Once our children are adults living their own lives, we can’t continue imposing restrictions on them. Well, we shouldn’t, in my opinion, unless they are still living under our roof. That’s a different story. “My house, my rules” might apply then.
It’s just important to remember that some adult children may want to distance themselves from the previous family structure, while others might want to maintain close family ties, still with mutual love and support. Both choices are valid. And when their choice is respected, the bond can be maintained and even grow stronger.
But as you know, even in healthy families, disagreements and occasional arguments can happen. The real challenge comes when family members, particularly parents, can’t adjust to seeing their adult children as independent adults. If this sounds uncomfortably familiar, keep reading.
“You’ll Always Be My Baby”
When a parent continues to treat you like a child, it can certainly be endearing… when it’s not dysfunctional.

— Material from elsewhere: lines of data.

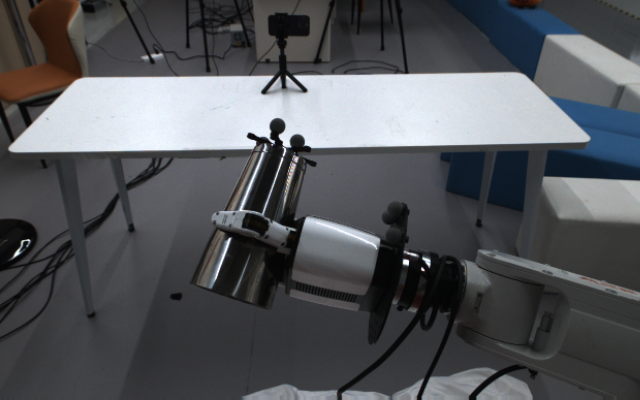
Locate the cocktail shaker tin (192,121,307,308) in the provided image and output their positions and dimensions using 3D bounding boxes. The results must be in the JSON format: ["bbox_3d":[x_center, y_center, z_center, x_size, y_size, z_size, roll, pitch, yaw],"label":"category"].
[{"bbox_3d":[-0.073,0.027,0.543,0.093,0.093,0.170,14,73,17],"label":"cocktail shaker tin"}]
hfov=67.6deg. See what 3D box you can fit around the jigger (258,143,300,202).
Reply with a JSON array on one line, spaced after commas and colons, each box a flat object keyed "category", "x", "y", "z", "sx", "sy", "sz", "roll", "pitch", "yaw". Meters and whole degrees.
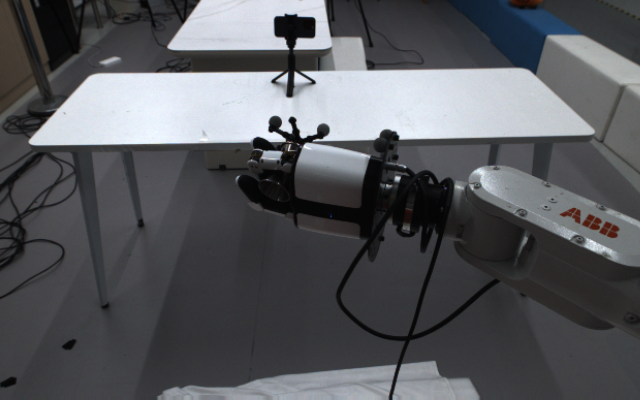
[{"category": "jigger", "x": -0.043, "y": -0.037, "z": 0.620, "sx": 0.043, "sy": 0.043, "sz": 0.071, "roll": 13, "pitch": 58, "yaw": 16}]
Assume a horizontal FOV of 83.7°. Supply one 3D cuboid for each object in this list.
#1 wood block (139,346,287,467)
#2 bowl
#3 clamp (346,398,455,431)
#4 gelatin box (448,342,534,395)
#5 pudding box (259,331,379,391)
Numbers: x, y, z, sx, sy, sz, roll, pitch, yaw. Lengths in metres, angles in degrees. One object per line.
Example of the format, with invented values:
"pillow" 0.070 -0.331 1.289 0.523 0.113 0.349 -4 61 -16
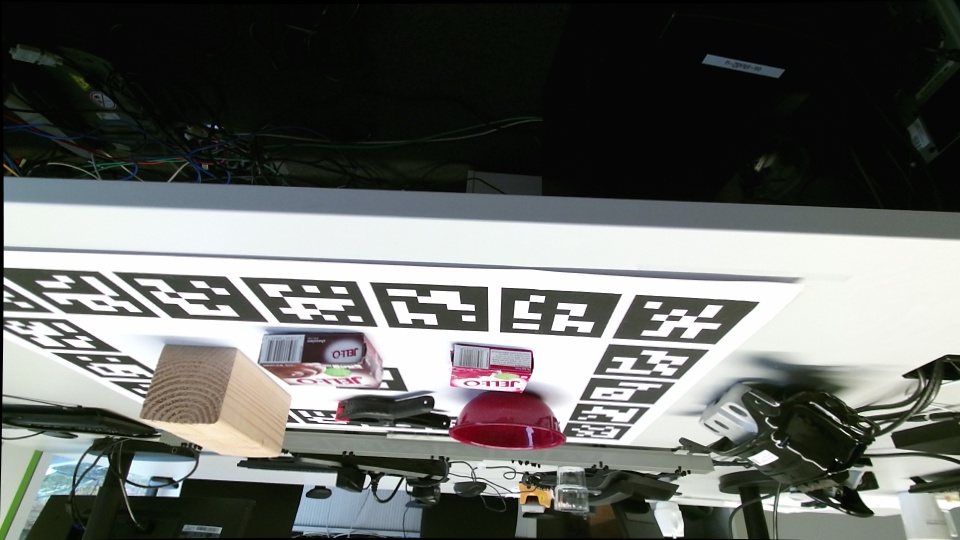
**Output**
"wood block" -0.334 0.183 0.692 0.090 0.090 0.206 4 147 2
"bowl" 0.040 0.210 0.742 0.162 0.055 0.162 3 145 2
"clamp" -0.120 0.219 0.792 0.165 0.036 0.122 -3 147 13
"gelatin box" 0.010 0.113 0.601 0.090 0.030 0.073 6 146 -4
"pudding box" -0.177 0.103 0.600 0.114 0.038 0.090 -1 144 2
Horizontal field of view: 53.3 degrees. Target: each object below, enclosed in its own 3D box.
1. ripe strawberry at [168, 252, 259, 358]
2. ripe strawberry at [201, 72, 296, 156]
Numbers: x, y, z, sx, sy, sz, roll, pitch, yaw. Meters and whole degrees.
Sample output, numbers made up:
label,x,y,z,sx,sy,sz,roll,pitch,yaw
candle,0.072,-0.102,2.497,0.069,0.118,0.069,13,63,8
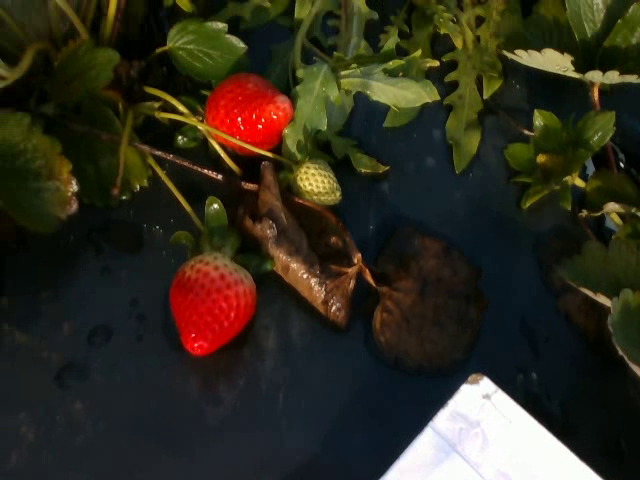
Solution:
label,x,y,z,sx,sy,sz,roll,pitch,yaw
ripe strawberry,-0.040,0.023,0.226,0.035,0.043,0.030,7,-32,2
ripe strawberry,-0.028,-0.057,0.266,0.048,0.040,0.032,1,-40,49
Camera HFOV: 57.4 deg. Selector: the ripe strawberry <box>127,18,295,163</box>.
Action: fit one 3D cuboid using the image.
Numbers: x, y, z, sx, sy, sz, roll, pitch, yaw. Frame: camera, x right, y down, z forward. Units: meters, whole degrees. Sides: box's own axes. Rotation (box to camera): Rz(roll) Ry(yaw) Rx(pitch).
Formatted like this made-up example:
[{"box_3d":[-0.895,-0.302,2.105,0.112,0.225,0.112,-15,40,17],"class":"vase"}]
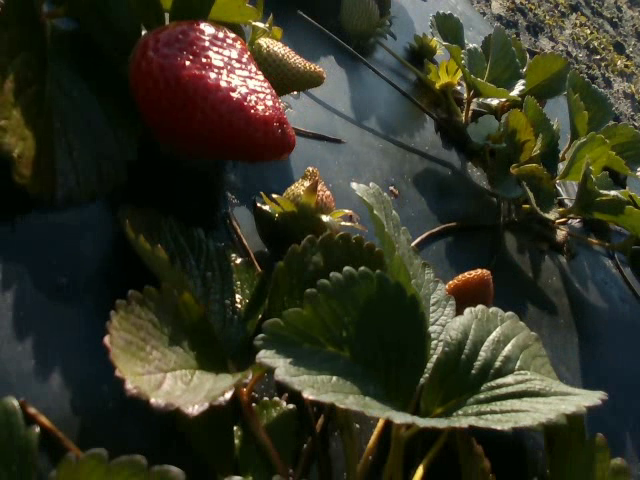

My mom still sees me as her “wonderful son.” When we’re together, there’s genuine love and enjoyment in each other’s company. We maintain a good mother-son bond. But here’s what makes it work: she fully recognizes and respects me as a capable, independent adult. Our conversations flow naturally, with mutual respect and active listening. Neither of us talks down to or insults the other. We don’t cause offense or put each other down.
We have normal, adult conversations about family, life, and everything in between. It’s as natural as it can be when adult children return to interact with the people who’ve known them since birth. This balance of maintaining loving family bonds while respecting each other’s adult status creates a healthy dynamic that works for everyone involved.
Some older adults in our lives, particularly our parents, often struggle to accept that we’re no longer under their wing, guidance, or control. This transition can be especially challenging for them to process and accept.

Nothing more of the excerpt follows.